REQUIRED WORK
Among the entries below, only the lines from the one with "Some wall defects" through the one with "For this 1024x683" are wanted, reproduced exactly. Pictures are not wanted.

MATERIAL SUPPLIED
BEGIN
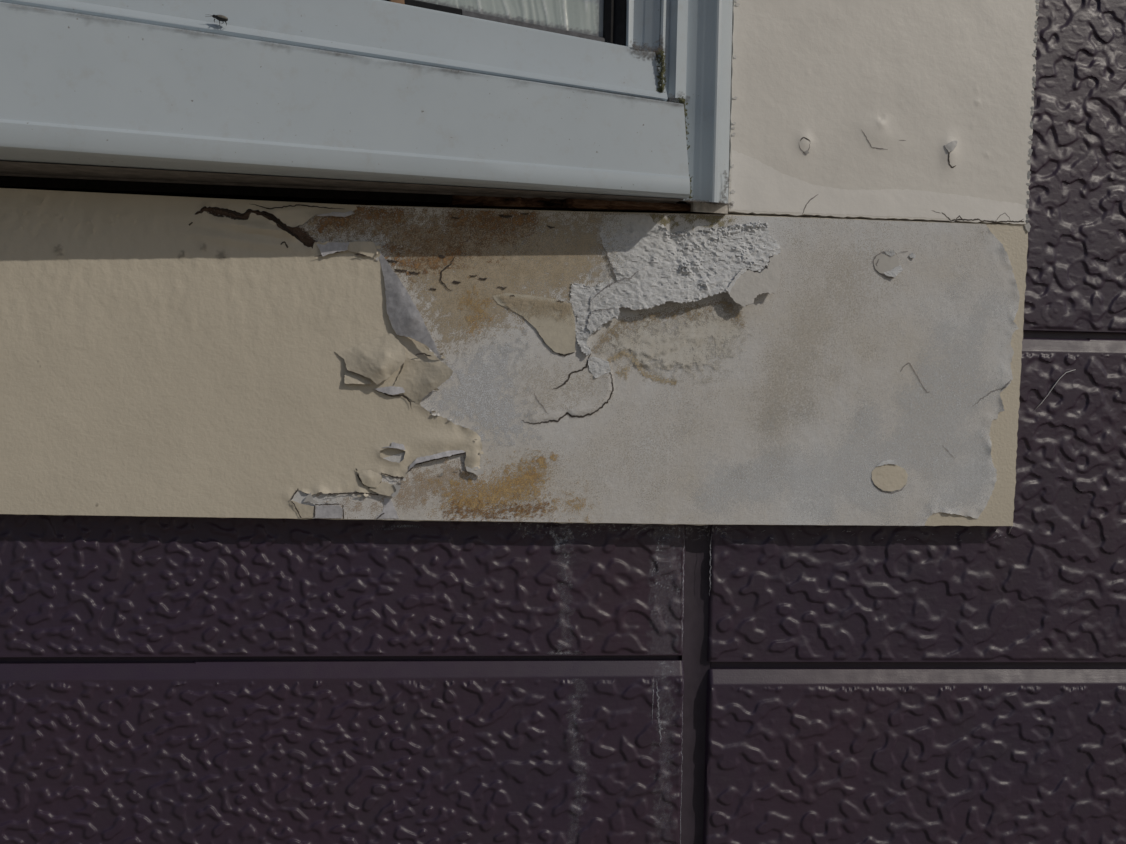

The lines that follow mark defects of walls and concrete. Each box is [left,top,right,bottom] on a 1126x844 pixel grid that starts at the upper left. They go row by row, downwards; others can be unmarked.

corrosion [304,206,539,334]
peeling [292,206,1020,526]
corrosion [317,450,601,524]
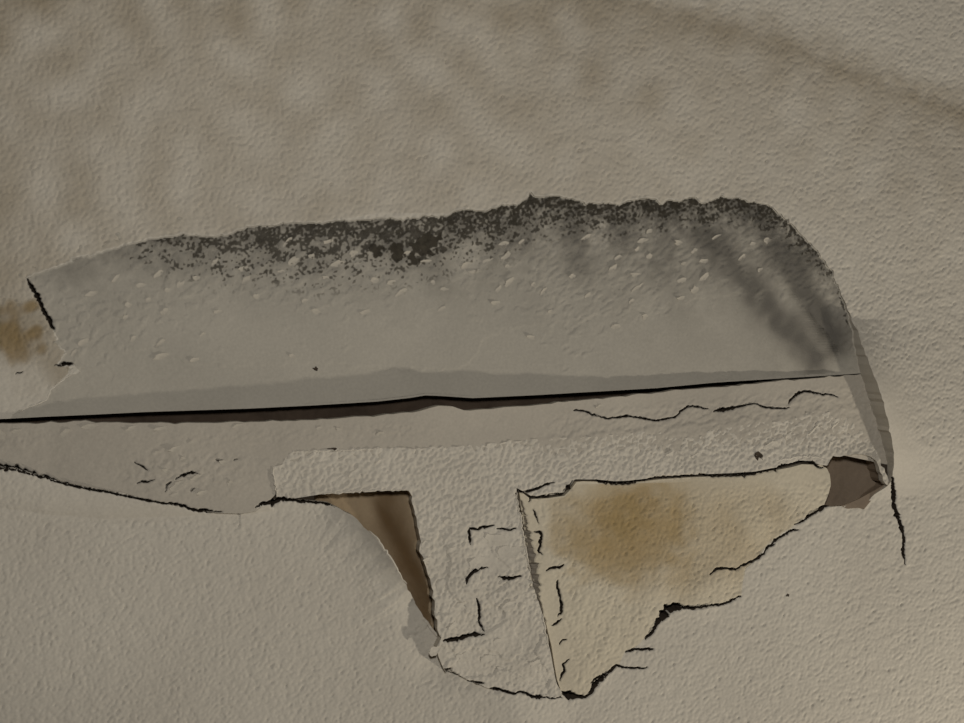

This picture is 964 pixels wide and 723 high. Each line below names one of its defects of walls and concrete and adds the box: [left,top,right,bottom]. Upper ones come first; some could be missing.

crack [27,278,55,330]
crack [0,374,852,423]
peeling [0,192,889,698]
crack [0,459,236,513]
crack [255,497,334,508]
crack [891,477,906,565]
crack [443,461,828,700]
END
BEGIN
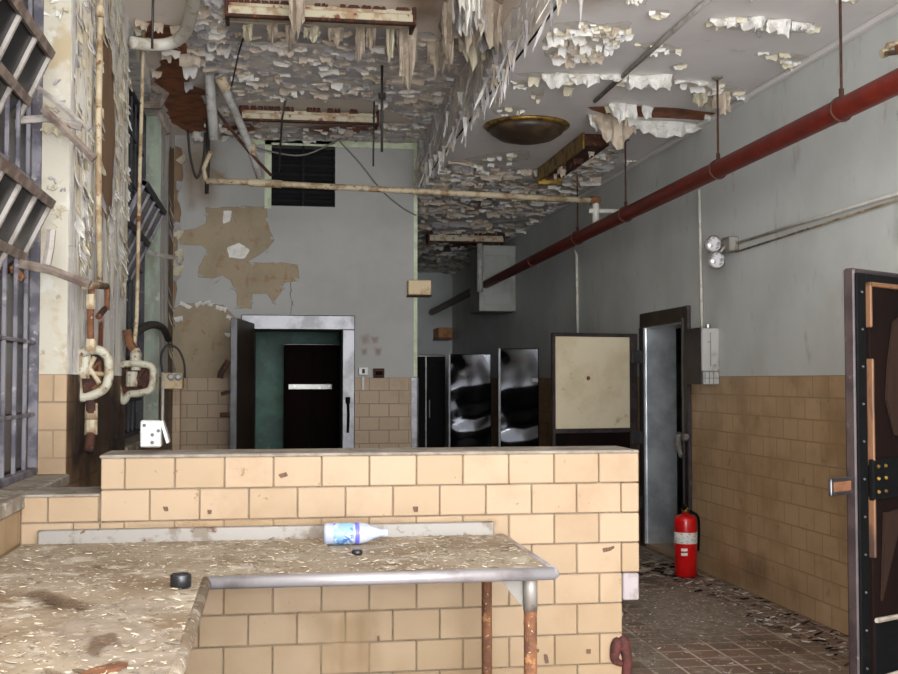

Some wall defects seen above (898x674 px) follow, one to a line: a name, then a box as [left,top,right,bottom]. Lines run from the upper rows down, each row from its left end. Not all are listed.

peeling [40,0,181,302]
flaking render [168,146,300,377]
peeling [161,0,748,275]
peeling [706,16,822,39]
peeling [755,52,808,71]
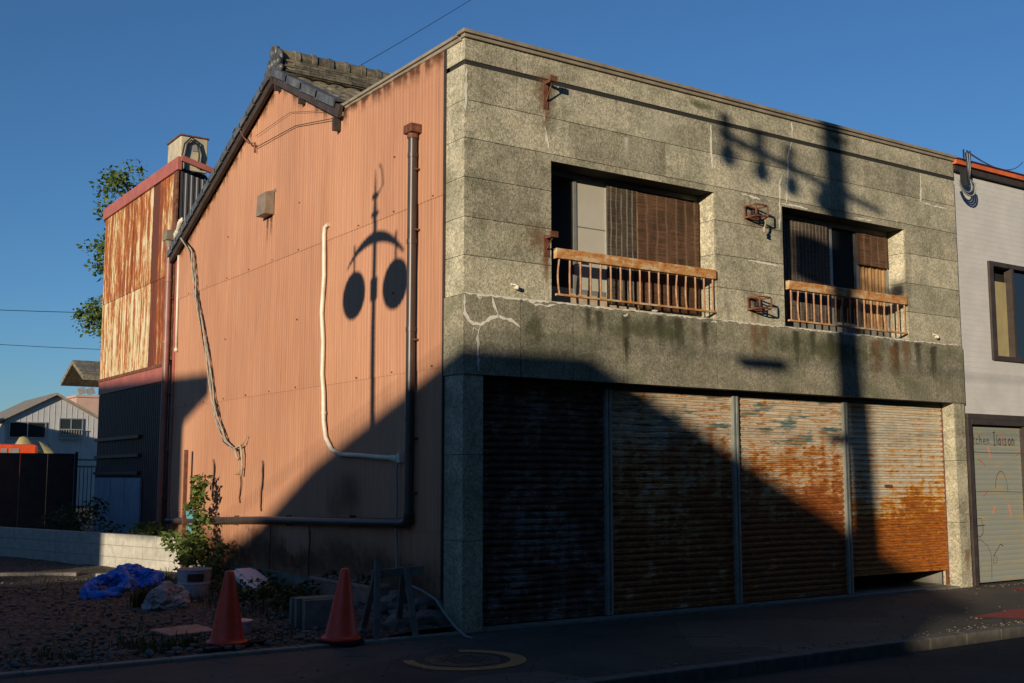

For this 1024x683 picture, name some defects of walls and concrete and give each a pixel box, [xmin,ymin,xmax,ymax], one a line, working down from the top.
END
EXPECTED OUTPUT
Some wall defects seen above (898x674 px) follow, one to a line: a name, then a box as [left,top,right,bottom]. Lines run from the upper rows down, each row from its left end. Not all are listed.

peeling [40,0,181,302]
flaking render [168,146,300,377]
peeling [161,0,748,275]
peeling [706,16,822,39]
peeling [755,52,808,71]

For this 1024x683 picture, name some defects of walls and concrete and give each a pixel box, [xmin,ymin,xmax,ymax], one a line, working down from the top.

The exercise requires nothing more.